Example: Managing a forest. Epistemological Pluralism values the quantitative data from a forestry scientist's satellite survey AND the qualitative, experiential knowledge of an indigenous elder who reads animal behavior and plant health in ways the satellite cannot see. Dismissing either as "not real knowledge" leads to worse outcomes. It's recognizing that the elder's lifelong immersion is a sophisticated cognitive instrument, not a superstition.

Epistemological Pareidolia

The construction of knowledge upon the perceived intentional designs of a hidden agent. This is when an epistemology isn't just finding patterns, but is fundamentally rooted in the belief that a conscious, intelligent force (God, aliens, a secret society) is leaving deliberate clues, symbols, or messages in the fabric of reality for us to decipher. All evidence is interpreted as part of this intentional communication.
Epistemological Pareidolia Example: Intelligent Design creationism is often criticized as an exercise in Epistemological Pareidolia. Proponents look at biological complexity and see the unmistakable "face" of a designer, interpreting natural structures as deliberately engineered artifacts. Their entire knowledge claim about life's origin rests on perceiving this agency in nature, much like seeing a face on Mars.

Epistemological Apophenia

The flawed foundation of a knowledge system built on perceiving connections that are not robustly causal or structurally real. It's when an entire way of knowing—like astrology, some forms of numerology, or rigid historical determinism—is based primarily on weaving together coincidences, correlations, and symbolic parallels into a coherent "truth." The system feels internally consistent because it's excellent at connecting dots, but the dots themselves may not be valid, and the connections are often arbitrary.
Epistemological Apophenia Example: A conspiracy theory ecosystem that explains world events through the repeated appearance of the number 23 or specific symbols is built on Epistemological Apophenia. It creates a vast, interlocking web of "knowledge" where everything is connected, but the epistemic foundation is the perception of spurious patterns, not evidence of actual plots.

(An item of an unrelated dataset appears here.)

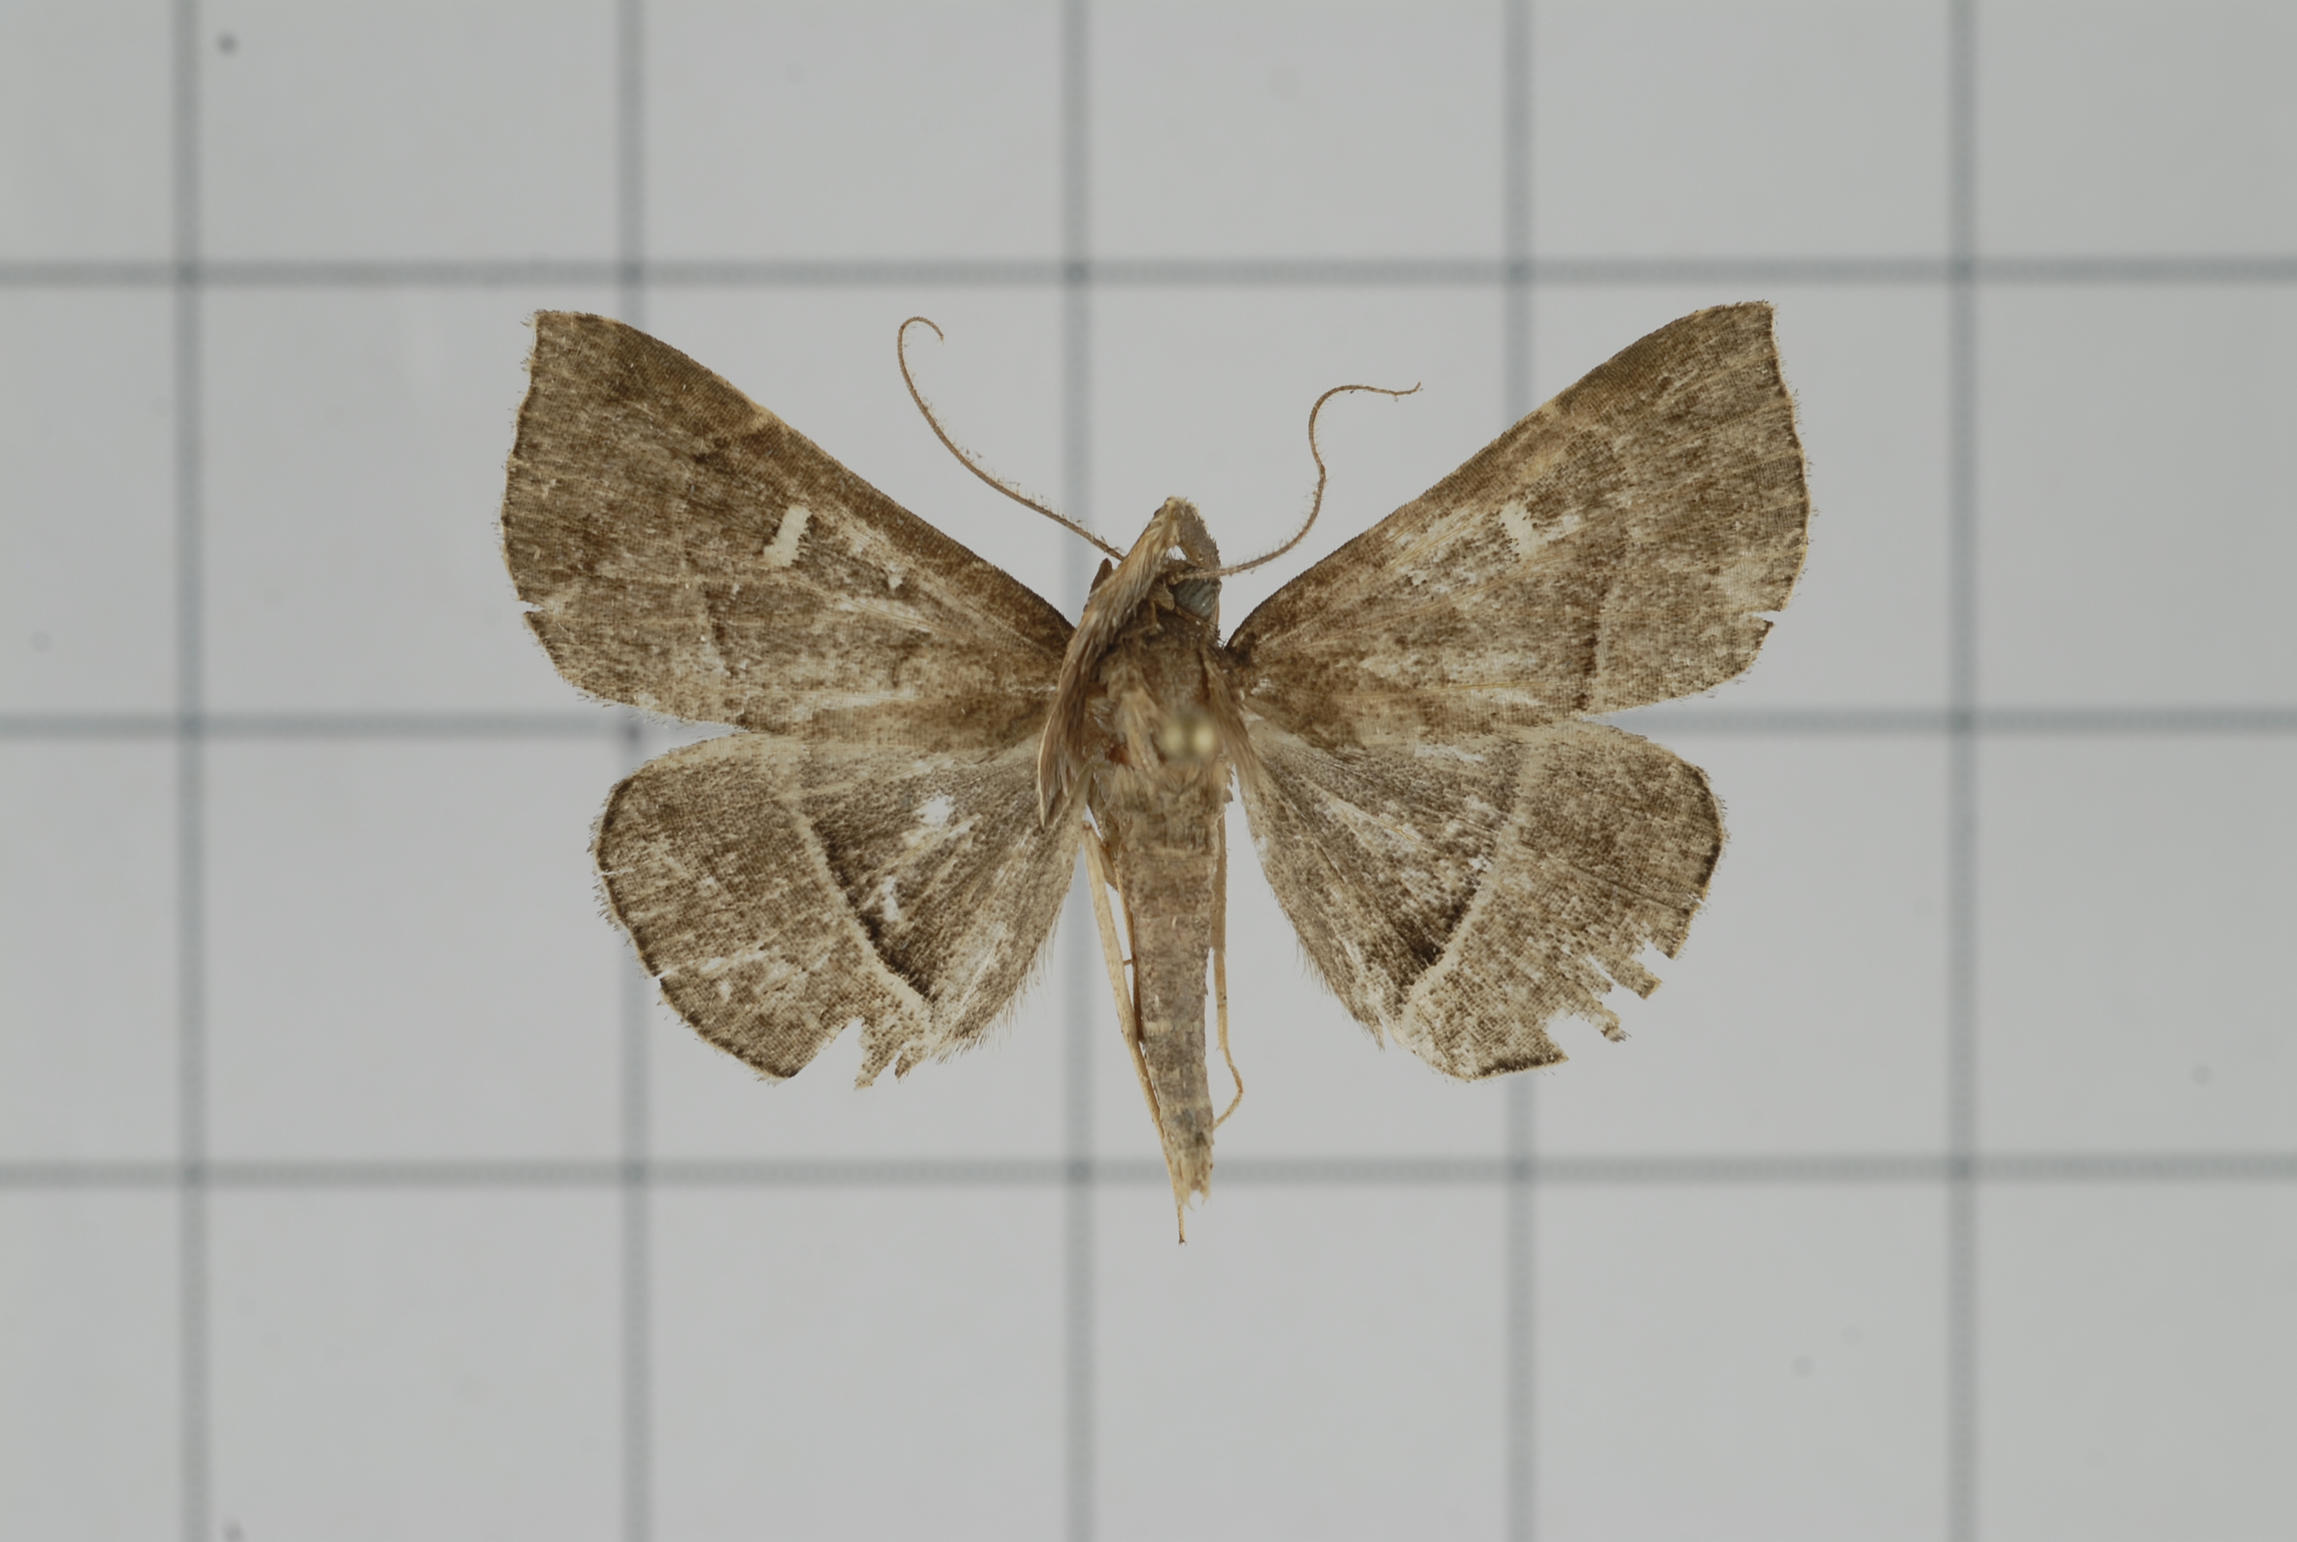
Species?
Cidariplura gladiata

Epistemological Philosophy

The branch of philosophy that asks whether knowledge is even possible, and if so, how. It's the field that gave us Descartes' "I think, therefore I am" (the only thing he couldn't doubt) and every philosophy student's favorite question: "But how do you know?" Epistemological philosophy has spent millennia refining the art of skepticism, producing generations of graduates who can undermine any claim but can't actually prove anything themselves. It's the philosophy of "are you sure about that?" elevated to a discipline.
Example: "He asked his girlfriend if she loved him. She said yes. He, being a student of epistemological philosophy, asked how she could be certain, given that love was an internal state she could only access introspectively, and introspection was notoriously unreliable. She said she was sure. He asked if she was sure she was sure. She left. He then questioned whether he knew why she left, and the cycle continued."